D, every the document utilizing highest weight weight values document to obtain retrieval contrast one by one: the literary composition of application the present embodiment Shelves similarity calculating method calculates the similarity of highest weight weight values document and another document；

Whether e, similarity comparison result be higher than N%, if higher than N%, then judges that two documents are identical；Otherwise judge two For different documents.

Claims

1. Documents Similarity computational methods, it is characterised in that:

S02, pretreatment and characteristic weighing:

S03, vector space model and cosine similarity algorithm:

Document cosine similarity algorithm is based on vector model, utilizes in vector space two vectorial angle cosine values as weighing apparatus The similarity degree of two articles of amount, cosine value is between 0～1, and two documents of the biggest explanation of cosine value are the most similar.

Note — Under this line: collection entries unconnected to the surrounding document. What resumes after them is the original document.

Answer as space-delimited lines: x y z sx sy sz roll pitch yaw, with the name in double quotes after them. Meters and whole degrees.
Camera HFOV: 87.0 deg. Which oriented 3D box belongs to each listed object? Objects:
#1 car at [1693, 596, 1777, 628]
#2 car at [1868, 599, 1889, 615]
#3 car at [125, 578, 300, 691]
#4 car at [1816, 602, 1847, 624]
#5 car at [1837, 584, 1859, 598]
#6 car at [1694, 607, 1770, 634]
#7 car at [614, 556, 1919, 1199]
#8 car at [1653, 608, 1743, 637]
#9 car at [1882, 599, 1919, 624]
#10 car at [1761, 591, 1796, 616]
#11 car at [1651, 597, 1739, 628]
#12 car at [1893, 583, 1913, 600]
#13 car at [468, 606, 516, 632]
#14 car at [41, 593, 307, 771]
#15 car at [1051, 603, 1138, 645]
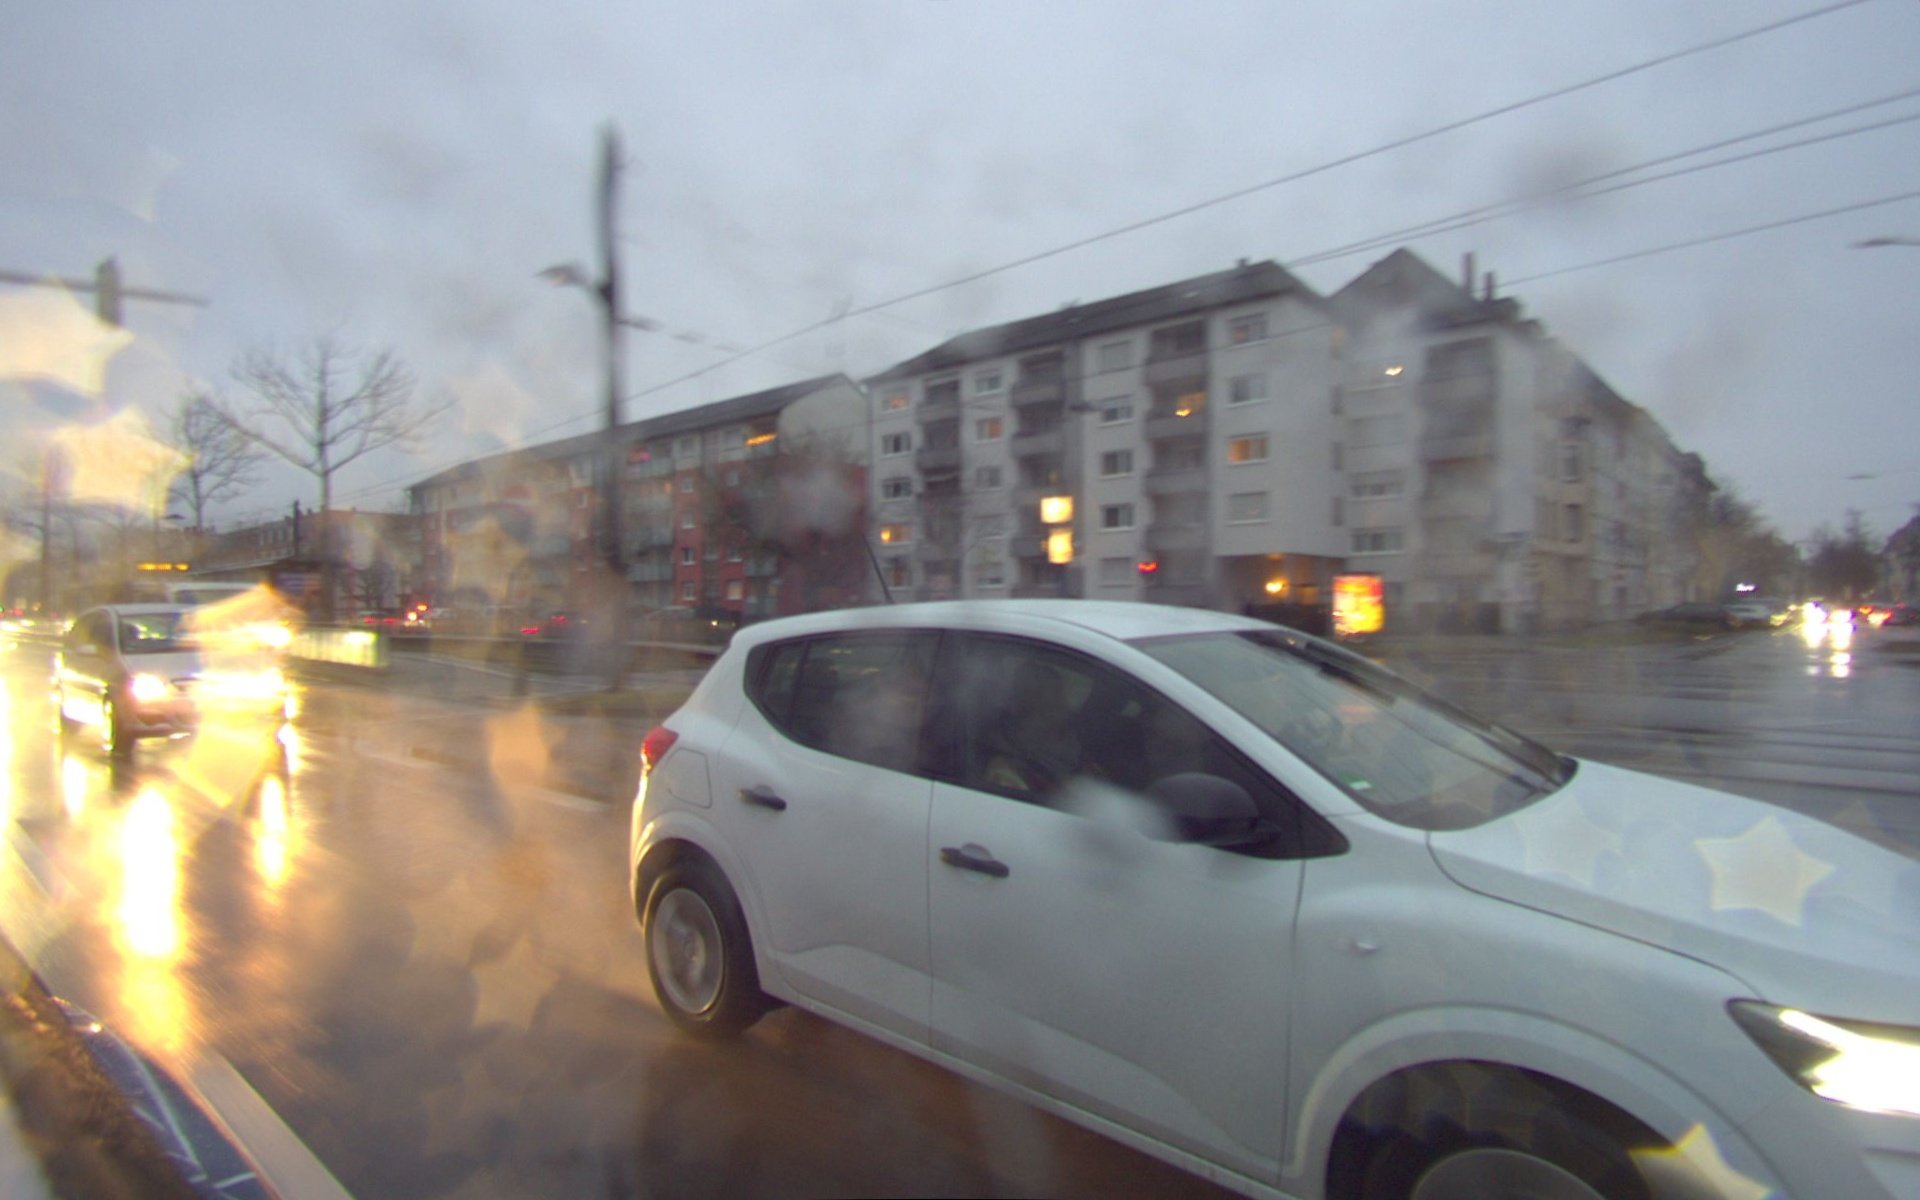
47.502 0.706 62.087 3.998 1.813 1.554 1 2 41 "car"
74.513 0.563 82.077 1.168 1.154 2.433 1 2 44 "car"
-15.420 0.628 20.773 4.882 2.049 1.932 -1 0 42 "car"
61.347 0.888 71.217 1.490 1.371 3.388 1 2 44 "car"
110.748 -1.170 126.277 1.757 1.612 3.861 0 2 37 "car"
45.676 1.185 59.924 3.514 1.456 1.425 1 2 41 "car"
0.848 0.645 2.923 3.997 1.477 1.691 1 2 41 "car"
35.950 1.075 49.351 3.452 1.308 1.568 1 2 41 "car"
58.470 0.689 62.762 3.482 1.357 1.687 -2 2 -44 "car"
66.205 0.270 81.845 2.000 1.844 3.809 1 2 43 "car"
38.687 0.622 53.309 3.615 1.533 1.658 1 2 41 "car"
103.219 -0.939 110.762 1.510 1.726 3.560 1 2 44 "car"
-33.800 1.348 73.027 4.152 1.657 1.706 1 2 44 "car"
-9.492 0.797 12.106 4.002 1.689 1.993 1 2 45 "car"
5.163 0.870 38.435 1.695 1.376 3.764 0 2 36 "car"

Documents Similarity computational methods the most according to claim 1, it is characterised in that: step S01 includes

Data prepare, and cleaned the interference information of document by ETL Data clean system, and document is carried out structuring process, point Solution becomes least unit structure；

Capital construction, based on ElasticSearch search engine, full-text index built by component, and uses in Chinese word segmentation storehouse Fine granularity participle create index.

Documents Similarity computational methods the most according to claim 1, it is characterised in that: step S02 utilizes TF-IDF skill Art according in inverse document dictionary word delete content of text identification is had little significance by document but the frequency of occurrences the highest point Word.

4. similar document the whole network retrieval tracking, it is characterised in that:

A, setting range of search；

B, search condition set, and extract N number of kernel keyword that in original document, in TF-IDF, weighted value is the highest, with certain Join rate, carry out full library searching based on ES full-text search engine；

C, do fall sequence according to key word and file correlation weighted value, by the document that retrieves according to key word and file correlation Weighted value does descending sort；

D, every the document utilizing highest weight weight values document to obtain retrieval contrast one by one, and application claims 1 to 3 is any One described Documents Similarity computational methods calculates the similarity of two documents；

Whether e, similarity comparison result be higher than N%, if higher than N%, then judges that two documents are identical, otherwise judge two as not Same document.

Similar document the whole network the most according to claim 4 retrieval tracking, it is characterised in that: step S01 includes setting The time range of the document that is retrieved issue, the carrier of issue, and the number of words of the document that is retrieved, type.